■ What the task requires
Only one stretch of the data is wanted: the line containing "Use compact JSON", the line containing "Can you label", and every line between them, copied exactly.

■ Dataset records
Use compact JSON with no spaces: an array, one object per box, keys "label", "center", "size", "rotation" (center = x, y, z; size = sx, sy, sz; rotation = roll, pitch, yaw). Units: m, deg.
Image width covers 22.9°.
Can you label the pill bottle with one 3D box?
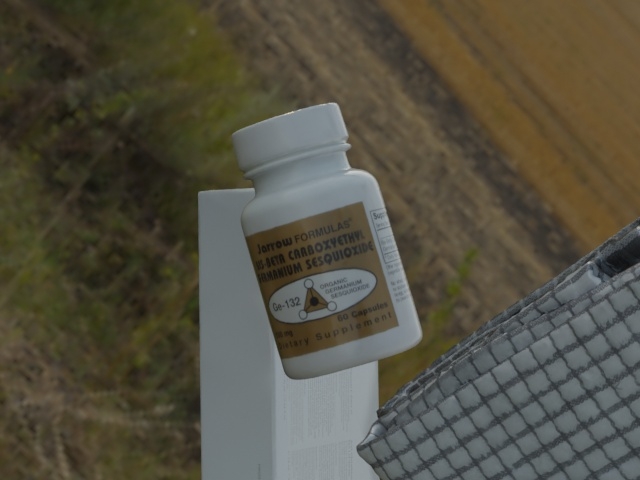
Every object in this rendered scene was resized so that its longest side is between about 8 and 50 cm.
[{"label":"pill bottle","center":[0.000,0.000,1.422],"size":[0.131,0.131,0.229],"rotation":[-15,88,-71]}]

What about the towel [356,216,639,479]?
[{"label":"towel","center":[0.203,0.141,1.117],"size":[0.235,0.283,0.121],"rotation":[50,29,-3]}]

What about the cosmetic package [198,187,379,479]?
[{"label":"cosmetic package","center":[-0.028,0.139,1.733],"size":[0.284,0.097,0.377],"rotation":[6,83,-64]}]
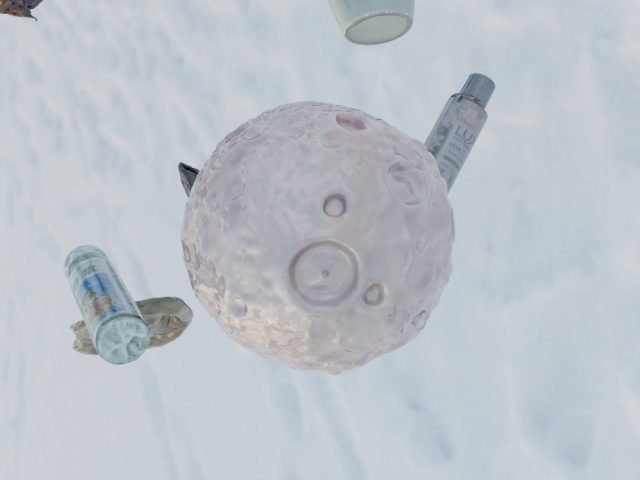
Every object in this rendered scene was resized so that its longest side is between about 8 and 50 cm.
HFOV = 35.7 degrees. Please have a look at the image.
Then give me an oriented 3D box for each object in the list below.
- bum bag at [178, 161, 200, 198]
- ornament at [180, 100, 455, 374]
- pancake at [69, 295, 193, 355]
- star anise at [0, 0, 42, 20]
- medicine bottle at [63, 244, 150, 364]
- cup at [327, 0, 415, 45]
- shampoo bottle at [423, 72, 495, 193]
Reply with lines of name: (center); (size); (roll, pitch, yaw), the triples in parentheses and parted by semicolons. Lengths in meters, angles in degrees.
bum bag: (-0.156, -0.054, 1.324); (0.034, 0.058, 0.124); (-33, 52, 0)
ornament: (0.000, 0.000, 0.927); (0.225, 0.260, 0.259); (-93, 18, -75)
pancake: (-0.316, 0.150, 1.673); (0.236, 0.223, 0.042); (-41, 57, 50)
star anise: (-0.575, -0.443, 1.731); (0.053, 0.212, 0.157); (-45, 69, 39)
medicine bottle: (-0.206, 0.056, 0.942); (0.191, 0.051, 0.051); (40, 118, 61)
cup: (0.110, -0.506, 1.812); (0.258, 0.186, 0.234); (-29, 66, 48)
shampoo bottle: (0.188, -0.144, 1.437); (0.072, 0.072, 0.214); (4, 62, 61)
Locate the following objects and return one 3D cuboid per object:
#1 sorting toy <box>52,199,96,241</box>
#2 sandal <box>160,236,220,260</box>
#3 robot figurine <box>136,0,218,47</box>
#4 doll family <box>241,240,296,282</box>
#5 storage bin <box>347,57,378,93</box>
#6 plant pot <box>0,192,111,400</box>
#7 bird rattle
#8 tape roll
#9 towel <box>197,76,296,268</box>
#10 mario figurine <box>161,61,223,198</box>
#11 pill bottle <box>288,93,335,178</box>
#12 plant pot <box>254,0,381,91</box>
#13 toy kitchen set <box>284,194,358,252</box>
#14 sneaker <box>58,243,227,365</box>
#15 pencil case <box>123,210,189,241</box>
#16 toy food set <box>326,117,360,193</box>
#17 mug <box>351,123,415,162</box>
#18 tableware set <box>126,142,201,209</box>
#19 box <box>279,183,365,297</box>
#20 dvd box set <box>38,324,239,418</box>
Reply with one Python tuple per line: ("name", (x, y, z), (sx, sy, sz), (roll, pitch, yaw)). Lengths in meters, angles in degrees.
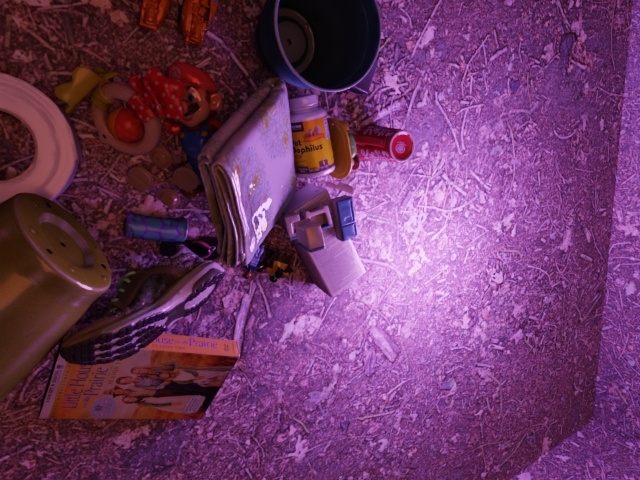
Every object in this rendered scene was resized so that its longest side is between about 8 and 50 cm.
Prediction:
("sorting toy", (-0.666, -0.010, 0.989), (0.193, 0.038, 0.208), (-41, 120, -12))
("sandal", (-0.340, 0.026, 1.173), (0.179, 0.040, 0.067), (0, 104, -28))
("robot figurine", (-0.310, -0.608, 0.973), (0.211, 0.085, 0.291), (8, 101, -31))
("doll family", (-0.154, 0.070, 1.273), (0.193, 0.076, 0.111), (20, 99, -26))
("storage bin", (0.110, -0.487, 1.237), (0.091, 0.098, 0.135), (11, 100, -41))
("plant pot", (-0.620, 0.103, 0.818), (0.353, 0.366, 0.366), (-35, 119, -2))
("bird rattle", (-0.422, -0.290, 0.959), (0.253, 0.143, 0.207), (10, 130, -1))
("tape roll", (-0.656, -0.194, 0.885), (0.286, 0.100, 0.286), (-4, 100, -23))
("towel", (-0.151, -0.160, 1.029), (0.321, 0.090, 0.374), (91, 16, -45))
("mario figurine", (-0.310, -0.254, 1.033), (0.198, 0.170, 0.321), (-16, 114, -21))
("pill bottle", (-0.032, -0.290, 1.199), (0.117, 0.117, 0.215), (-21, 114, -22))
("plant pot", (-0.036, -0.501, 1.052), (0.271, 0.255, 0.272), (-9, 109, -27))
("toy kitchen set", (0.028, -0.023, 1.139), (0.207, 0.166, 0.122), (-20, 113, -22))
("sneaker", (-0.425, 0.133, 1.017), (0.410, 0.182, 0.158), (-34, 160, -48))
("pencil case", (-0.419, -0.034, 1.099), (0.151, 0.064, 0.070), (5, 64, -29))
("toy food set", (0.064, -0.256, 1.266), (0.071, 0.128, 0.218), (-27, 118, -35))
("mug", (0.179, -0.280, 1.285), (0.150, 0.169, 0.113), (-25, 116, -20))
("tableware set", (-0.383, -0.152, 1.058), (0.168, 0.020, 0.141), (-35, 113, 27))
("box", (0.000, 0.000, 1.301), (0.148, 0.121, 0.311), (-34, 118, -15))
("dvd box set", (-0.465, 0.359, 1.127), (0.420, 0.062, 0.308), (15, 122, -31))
==
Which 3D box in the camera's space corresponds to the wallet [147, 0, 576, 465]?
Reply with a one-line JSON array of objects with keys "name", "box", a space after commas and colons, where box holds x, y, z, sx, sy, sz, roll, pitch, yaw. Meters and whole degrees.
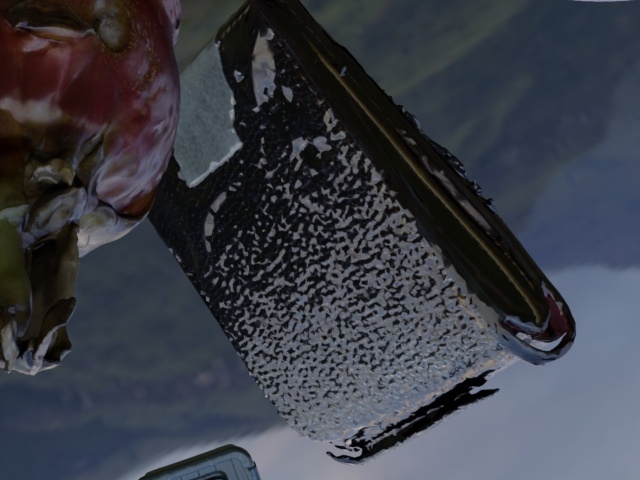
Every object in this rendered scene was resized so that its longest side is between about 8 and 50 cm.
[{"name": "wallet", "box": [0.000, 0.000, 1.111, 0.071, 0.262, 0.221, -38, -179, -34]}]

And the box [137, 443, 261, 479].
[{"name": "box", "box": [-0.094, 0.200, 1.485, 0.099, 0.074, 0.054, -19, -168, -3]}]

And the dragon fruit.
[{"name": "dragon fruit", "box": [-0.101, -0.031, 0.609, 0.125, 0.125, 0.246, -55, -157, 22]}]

■ Your response
Use compact JSON with no spaces: an array, one object per box, keys "label", "center", "size", "rotation" (center = x, y, z; size = sx, sy, sz; rotation = roll, pitch, yaw). Units: m, deg.
Image width covers 22.9°.
Can you label the pill bottle with one 3D box?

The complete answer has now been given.